Hogna hawaiiensis

Scientific classification
- Kingdom: Animalia
- Phylum: Arthropoda
- Subphylum: Chelicerata
- Class: Arachnida
- Order: Araneae
- Infraorder: Araneomorphae
- Family: Lycosidae
- Genus: Hogna
- Species: H. hawaiiensis
- Binomial name: Hogna hawaiiensis (Simon, 1899)
- Synonyms: Lycosa hawaiiensis

= Hogna hawaiiensis =

- Genus: Hogna
- Species: hawaiiensis
- Authority: (Simon, 1899)
- Synonyms: Lycosa hawaiiensis

Species of spider

Hogna hawaiiensis is a species of spider in the family Lycosidae.

== Distribution and taxonomy ==
Hogna hawaiiensis is a species of wolf spider endemic to the Hawaiian islands. The species have been found on the islands of Maui, Oahu, and the island of Hawaii.
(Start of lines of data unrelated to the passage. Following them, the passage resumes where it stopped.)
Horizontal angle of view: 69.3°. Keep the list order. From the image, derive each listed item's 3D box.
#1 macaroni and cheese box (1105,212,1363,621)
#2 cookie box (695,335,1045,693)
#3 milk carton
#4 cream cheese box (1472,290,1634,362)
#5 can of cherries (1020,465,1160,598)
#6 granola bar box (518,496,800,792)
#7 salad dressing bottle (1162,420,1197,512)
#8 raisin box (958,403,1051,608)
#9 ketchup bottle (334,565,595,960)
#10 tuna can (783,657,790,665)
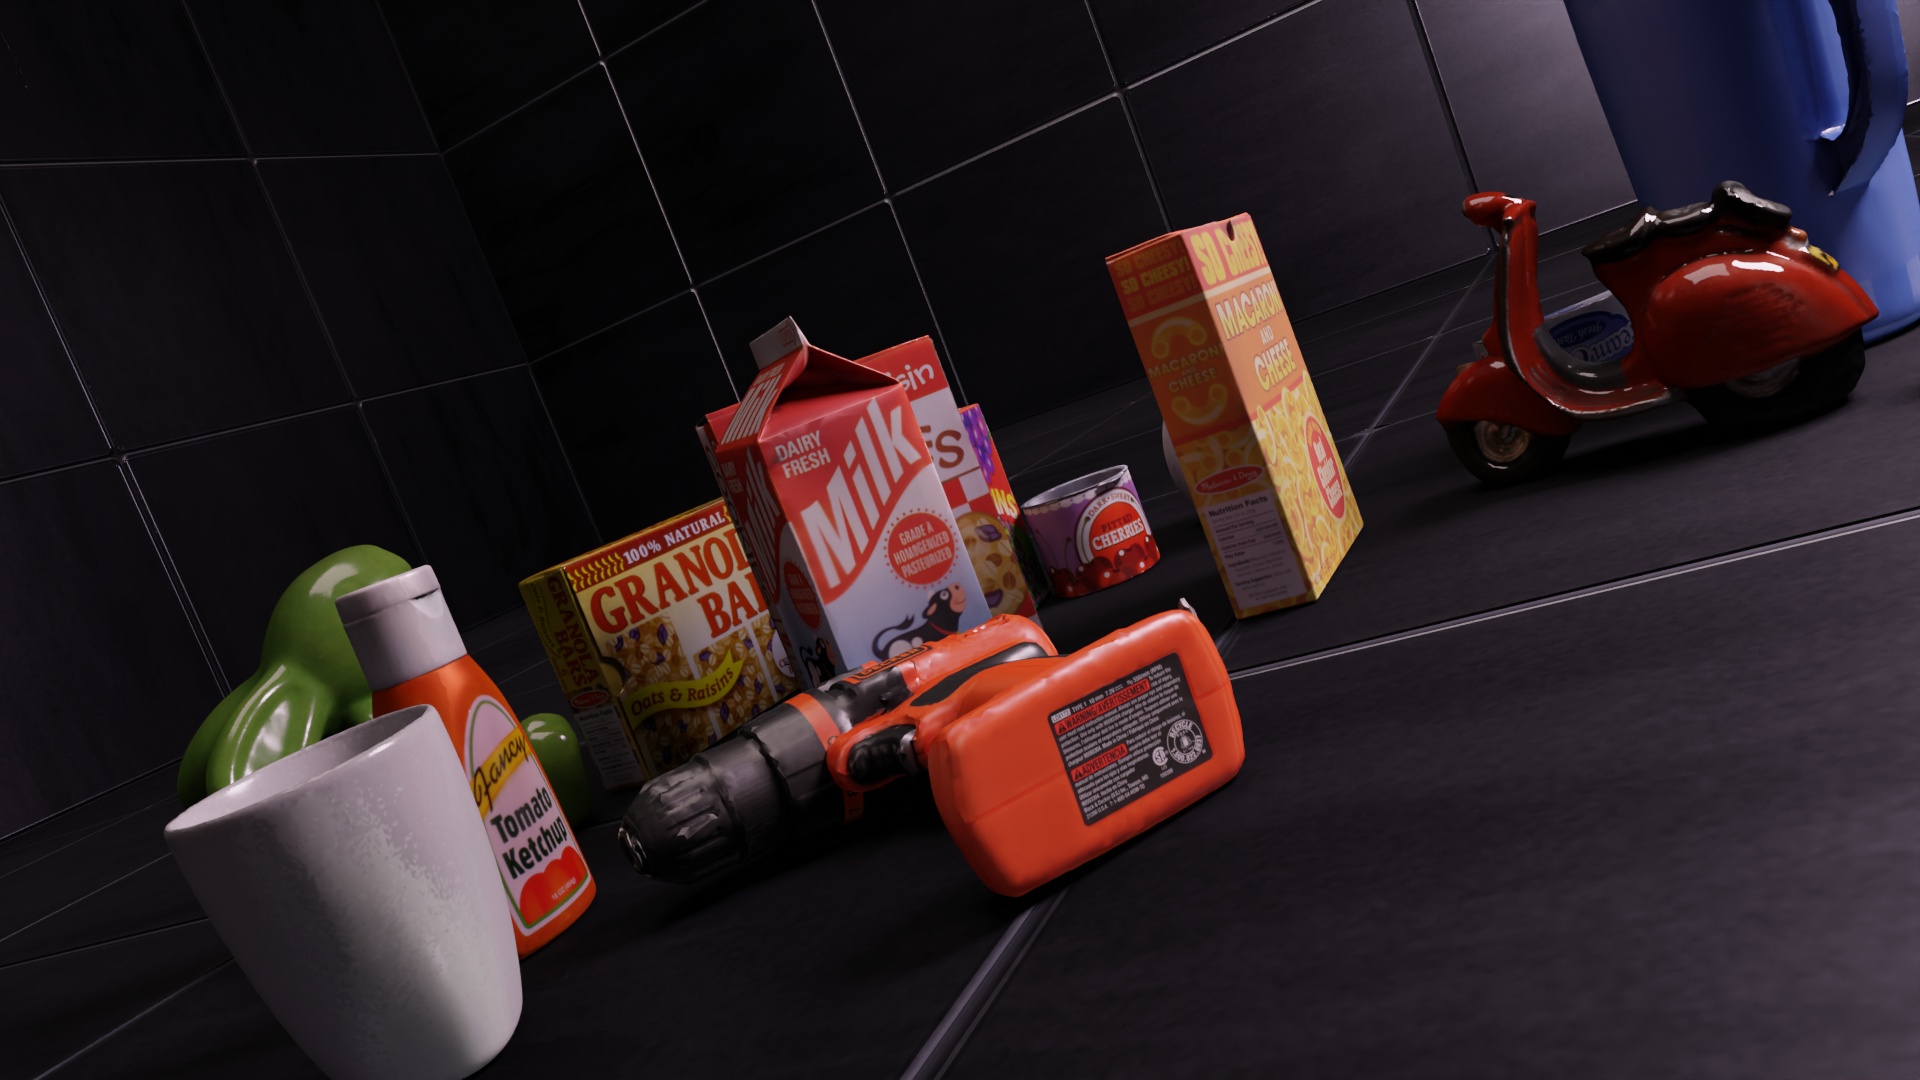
[{"bbox_3d":[0.131,-0.063,0.636,0.040,0.166,0.124,-18,7,28],"label":"macaroni and cheese box"},{"bbox_3d":[-0.044,-0.004,0.699,0.123,0.167,0.040,-24,7,-21],"label":"cookie box"},{"bbox_3d":[-0.049,-0.004,0.618,0.074,0.190,0.072,-24,7,-23],"label":"milk carton"},{"bbox_3d":[0.350,-0.106,0.791,0.104,0.053,0.024,-22,6,-4],"label":"cream cheese box"},{"bbox_3d":[0.077,-0.005,0.804,0.071,0.058,0.071,-21,7,3],"label":"can of cherries"},{"bbox_3d":[-0.155,0.050,0.790,0.039,0.124,0.166,-17,8,34],"label":"granola bar box"},{"bbox_3d":[0.148,-0.088,0.860,0.064,0.147,0.044,-22,6,-10],"label":"salad dressing bottle"},{"bbox_3d":[0.003,-0.010,0.790,0.040,0.123,0.086,-18,7,24],"label":"raisin box"},{"bbox_3d":[-0.192,0.084,0.529,0.043,0.148,0.065,-19,7,18],"label":"ketchup bottle"},{"bbox_3d":[-0.060,0.067,0.758,0.071,0.033,0.071,-21,7,3],"label":"tuna can"}]

It was originally described as Lycosa hawaiiensis by E. Simon in 1899 and was transferred to the genus Hogna by C. F. Roewer in 1955.

== Habitat and ecology ==
Hogna hawaiiensis has been found to reside in areas of lava flow, coinciding with the local population of Lava flow crickets (Caconemobius fori). The population of H. hawaiiensis in barren lava regions is additionally sustained by general windborne prey migrated from more vegetated areas adjacent to their empty habitat.

Outside of lava flow areas, H. hawaiiensis, much like other species on the same family, is typically found in ground-dwelling environments, such as tree trunks, low vegetation, and grassland fields.
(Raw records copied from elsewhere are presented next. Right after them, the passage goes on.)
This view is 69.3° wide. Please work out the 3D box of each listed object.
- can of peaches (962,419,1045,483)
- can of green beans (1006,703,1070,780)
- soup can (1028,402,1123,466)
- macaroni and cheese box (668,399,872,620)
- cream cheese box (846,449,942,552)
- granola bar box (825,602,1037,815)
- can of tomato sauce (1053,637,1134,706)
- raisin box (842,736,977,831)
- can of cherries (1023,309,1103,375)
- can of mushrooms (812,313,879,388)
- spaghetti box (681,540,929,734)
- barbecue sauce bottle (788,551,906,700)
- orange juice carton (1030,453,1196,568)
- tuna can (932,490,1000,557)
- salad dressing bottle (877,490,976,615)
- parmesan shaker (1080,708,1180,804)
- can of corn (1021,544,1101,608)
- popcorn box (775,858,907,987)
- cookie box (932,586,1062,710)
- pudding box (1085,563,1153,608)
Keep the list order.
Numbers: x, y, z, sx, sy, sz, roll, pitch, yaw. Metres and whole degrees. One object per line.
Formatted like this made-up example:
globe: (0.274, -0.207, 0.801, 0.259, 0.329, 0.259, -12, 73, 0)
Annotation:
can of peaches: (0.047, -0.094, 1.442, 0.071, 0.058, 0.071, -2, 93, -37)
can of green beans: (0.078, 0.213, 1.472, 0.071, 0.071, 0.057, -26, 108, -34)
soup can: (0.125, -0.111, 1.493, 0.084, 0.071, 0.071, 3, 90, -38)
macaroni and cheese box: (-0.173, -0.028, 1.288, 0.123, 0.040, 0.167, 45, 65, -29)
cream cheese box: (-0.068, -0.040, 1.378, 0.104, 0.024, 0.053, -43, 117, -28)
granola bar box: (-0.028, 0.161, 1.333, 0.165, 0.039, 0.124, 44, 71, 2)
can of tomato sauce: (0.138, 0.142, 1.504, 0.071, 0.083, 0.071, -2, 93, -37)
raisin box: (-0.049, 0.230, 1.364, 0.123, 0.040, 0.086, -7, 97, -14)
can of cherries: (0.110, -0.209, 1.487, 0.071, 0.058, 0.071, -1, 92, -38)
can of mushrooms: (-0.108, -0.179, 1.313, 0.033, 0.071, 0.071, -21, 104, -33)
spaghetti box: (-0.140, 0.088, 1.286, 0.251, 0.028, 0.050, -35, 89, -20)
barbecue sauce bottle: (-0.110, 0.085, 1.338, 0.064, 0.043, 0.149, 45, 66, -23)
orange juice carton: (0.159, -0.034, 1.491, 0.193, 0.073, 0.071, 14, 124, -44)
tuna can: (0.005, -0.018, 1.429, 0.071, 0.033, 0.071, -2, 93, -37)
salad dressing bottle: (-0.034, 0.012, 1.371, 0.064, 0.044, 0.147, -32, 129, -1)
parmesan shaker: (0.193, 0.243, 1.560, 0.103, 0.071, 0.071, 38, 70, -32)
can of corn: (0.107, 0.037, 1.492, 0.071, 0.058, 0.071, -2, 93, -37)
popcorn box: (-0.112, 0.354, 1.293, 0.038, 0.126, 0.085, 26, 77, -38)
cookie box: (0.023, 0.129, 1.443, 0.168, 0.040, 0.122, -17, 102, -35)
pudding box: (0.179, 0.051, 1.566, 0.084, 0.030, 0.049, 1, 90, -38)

Despite the infringement of territory by invasive species, H. hawaiiensis is the dominant predator at elevations of 2800 meters. However, they do persist at elevations everywhere between sea level and 4000 meters.

== Behavior ==
A female specimen was observed engaging in vegetational perching. The practice is done in order to act as ambush predators on local Flesh fly populations. They perch on the buds and flowers of vegetation and attempt to blend in by remaining stagnant after perching. It is unknown and requires further observation to suggest it is a species wide behavior, however by introducing a flower bud to the specimen, it showed that it was an intentional practice instead of a coincidental one.
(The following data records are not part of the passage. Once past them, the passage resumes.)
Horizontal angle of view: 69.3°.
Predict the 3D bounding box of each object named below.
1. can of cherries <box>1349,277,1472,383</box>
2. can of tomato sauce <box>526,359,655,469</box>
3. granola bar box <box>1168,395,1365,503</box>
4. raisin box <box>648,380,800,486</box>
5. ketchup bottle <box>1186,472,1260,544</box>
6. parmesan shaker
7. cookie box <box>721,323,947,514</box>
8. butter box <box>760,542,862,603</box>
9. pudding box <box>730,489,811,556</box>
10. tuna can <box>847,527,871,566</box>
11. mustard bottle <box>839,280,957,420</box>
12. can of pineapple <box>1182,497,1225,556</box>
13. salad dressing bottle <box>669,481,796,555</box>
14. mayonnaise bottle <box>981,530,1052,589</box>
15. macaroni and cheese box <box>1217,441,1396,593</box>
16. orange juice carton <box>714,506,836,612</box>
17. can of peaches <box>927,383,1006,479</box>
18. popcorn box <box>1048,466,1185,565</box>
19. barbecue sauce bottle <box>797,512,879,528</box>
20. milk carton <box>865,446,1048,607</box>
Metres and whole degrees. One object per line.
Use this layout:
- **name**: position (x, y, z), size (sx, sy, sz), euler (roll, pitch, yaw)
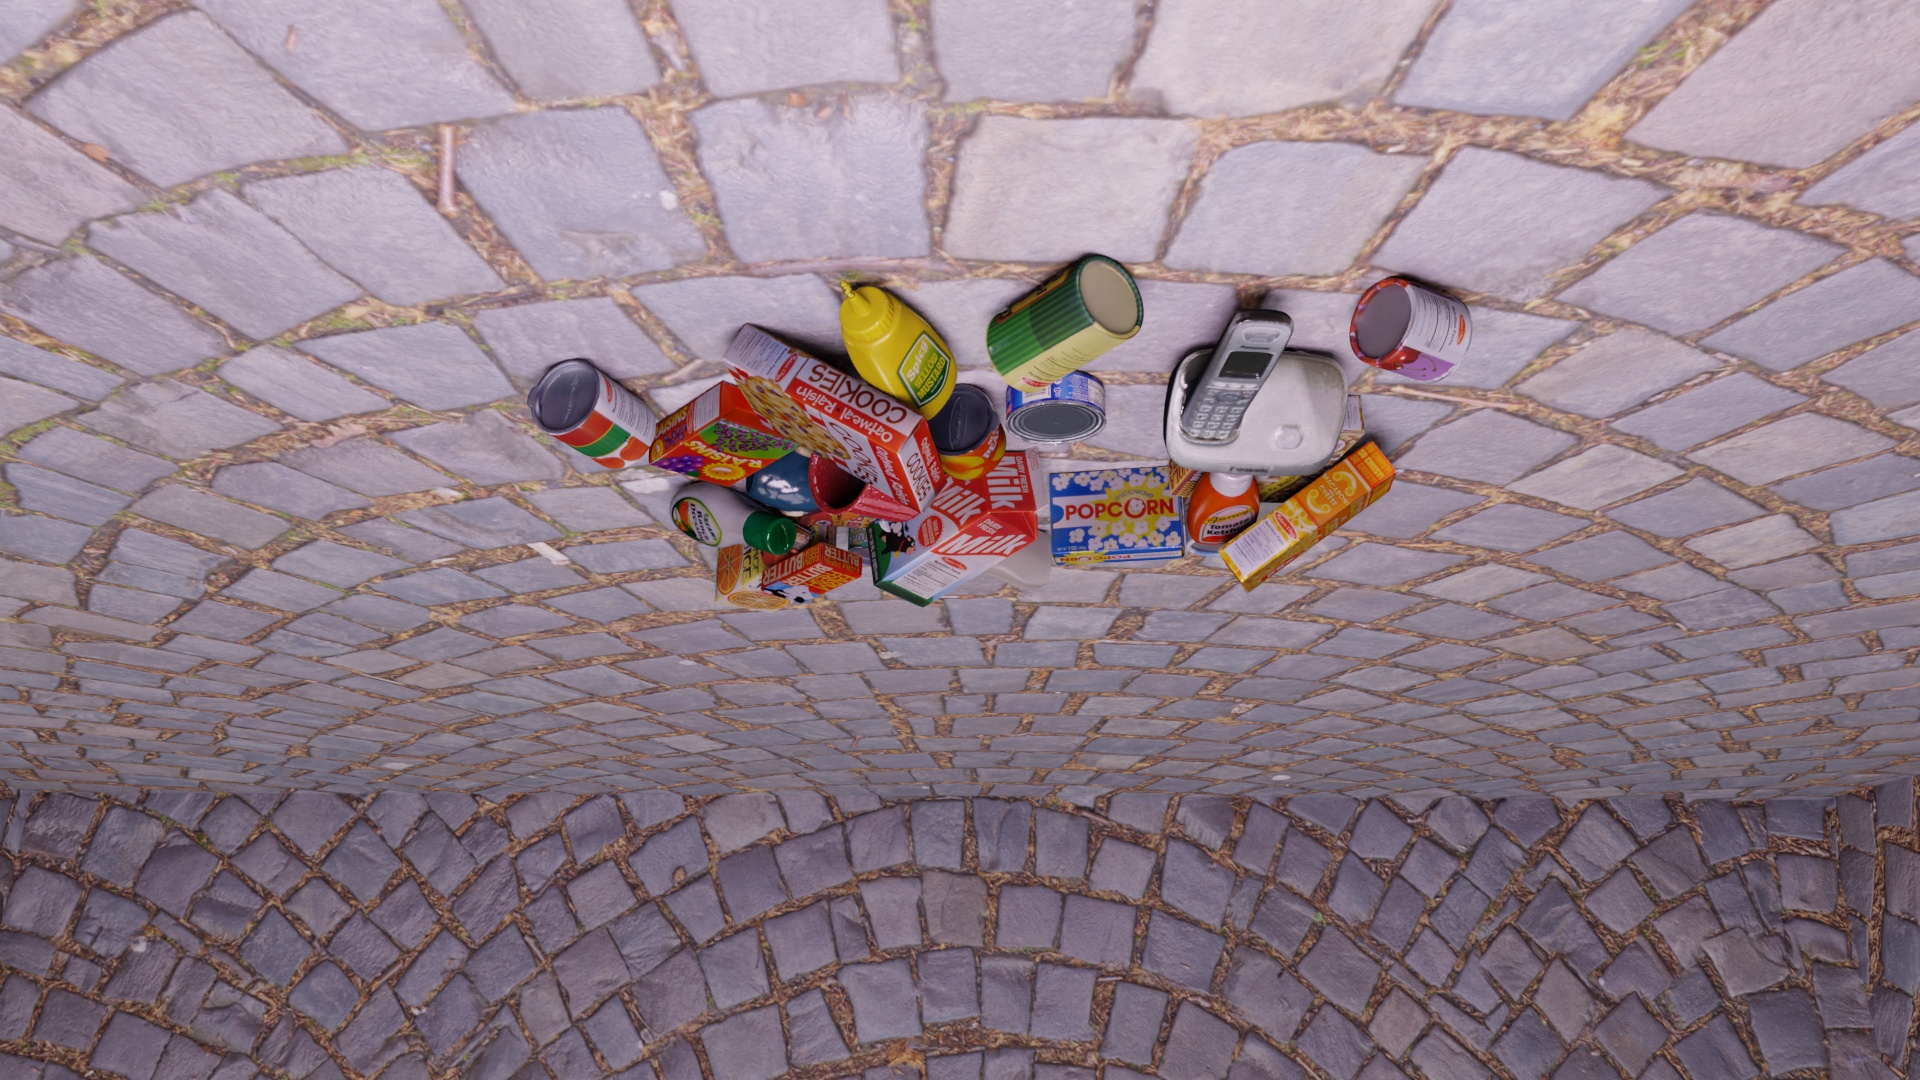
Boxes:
- **can of cherries**: position (0.328, -0.153, 1.021), size (0.058, 0.072, 0.071), euler (11, 157, -27)
- **can of tomato sauce**: position (-0.305, -0.103, 1.154), size (0.071, 0.071, 0.083), euler (-8, 159, 20)
- **granola bar box**: position (0.272, -0.082, 1.254), size (0.124, 0.039, 0.165), euler (3, 159, -8)
- **raisin box**: position (-0.208, -0.092, 1.226), size (0.086, 0.040, 0.123), euler (15, 154, -38)
- **ketchup bottle**: position (0.238, -0.042, 1.241), size (0.065, 0.044, 0.148), euler (-11, 158, 1)
- **parmesan shaker**: position (0.078, -0.157, 1.012), size (0.071, 0.071, 0.102), euler (15, 154, -34)
- **cookie box**: position (-0.096, -0.095, 1.101), size (0.167, 0.040, 0.122), euler (29, 166, 17)
- **butter box**: position (-0.148, 0.033, 1.379), size (0.053, 0.024, 0.103), euler (21, 149, -37)
- **pudding box**: position (-0.194, -0.017, 1.387), size (0.084, 0.030, 0.049), euler (29, 180, 37)
- **tuna can**: position (-0.090, 0.003, 1.494), size (0.071, 0.033, 0.071), euler (0, 160, 0)
- **mustard bottle**: position (-0.053, -0.147, 1.038), size (0.049, 0.065, 0.160), euler (26, 170, 29)
- **can of pineapple**: position (0.260, -0.021, 1.395), size (0.071, 0.058, 0.070), euler (0, 160, 0)
- **salad dressing bottle**: position (-0.219, -0.018, 1.338), size (0.148, 0.064, 0.044), euler (15, -144, 40)
- **mayonnaise bottle**: position (0.024, 0.010, 1.477), size (0.148, 0.065, 0.041), euler (12, 161, -19)
- **macaroni and cheese box**: position (0.319, -0.019, 1.282), size (0.166, 0.040, 0.123), euler (-37, 166, 7)
- **orange juice carton**: position (-0.188, 0.016, 1.472), size (0.073, 0.072, 0.192), euler (13, 157, -31)
- **can of peaches**: position (0.005, -0.092, 1.186), size (0.071, 0.071, 0.058), euler (-5, 160, 12)
- **popcorn box**: position (0.152, -0.024, 1.347), size (0.127, 0.085, 0.038), euler (-4, 160, 8)
- **barbecue sauce bottle**: position (-0.084, -0.033, 1.381), size (0.149, 0.044, 0.064), euler (5, 162, -15)
- **milk carton**: position (0.005, -0.017, 1.321), size (0.190, 0.072, 0.073), euler (-32, 140, 29)

== Relationship with invasive species ==
With the invasive introduction of yellowjackets (Vespula pensylvanica) to the islands, they came to predate upon H. hawaiiensis among many other endemic prey.

With the similarly invasive introduction of Argentine ants (Linepithema humile into the upper Haleakala, one of the main observed habitats of H. hawaiiensis, the two species appear to not mesh. Where there are colonies of Argentine ants, there is noticeably lesser population density of H. hawaiiensis.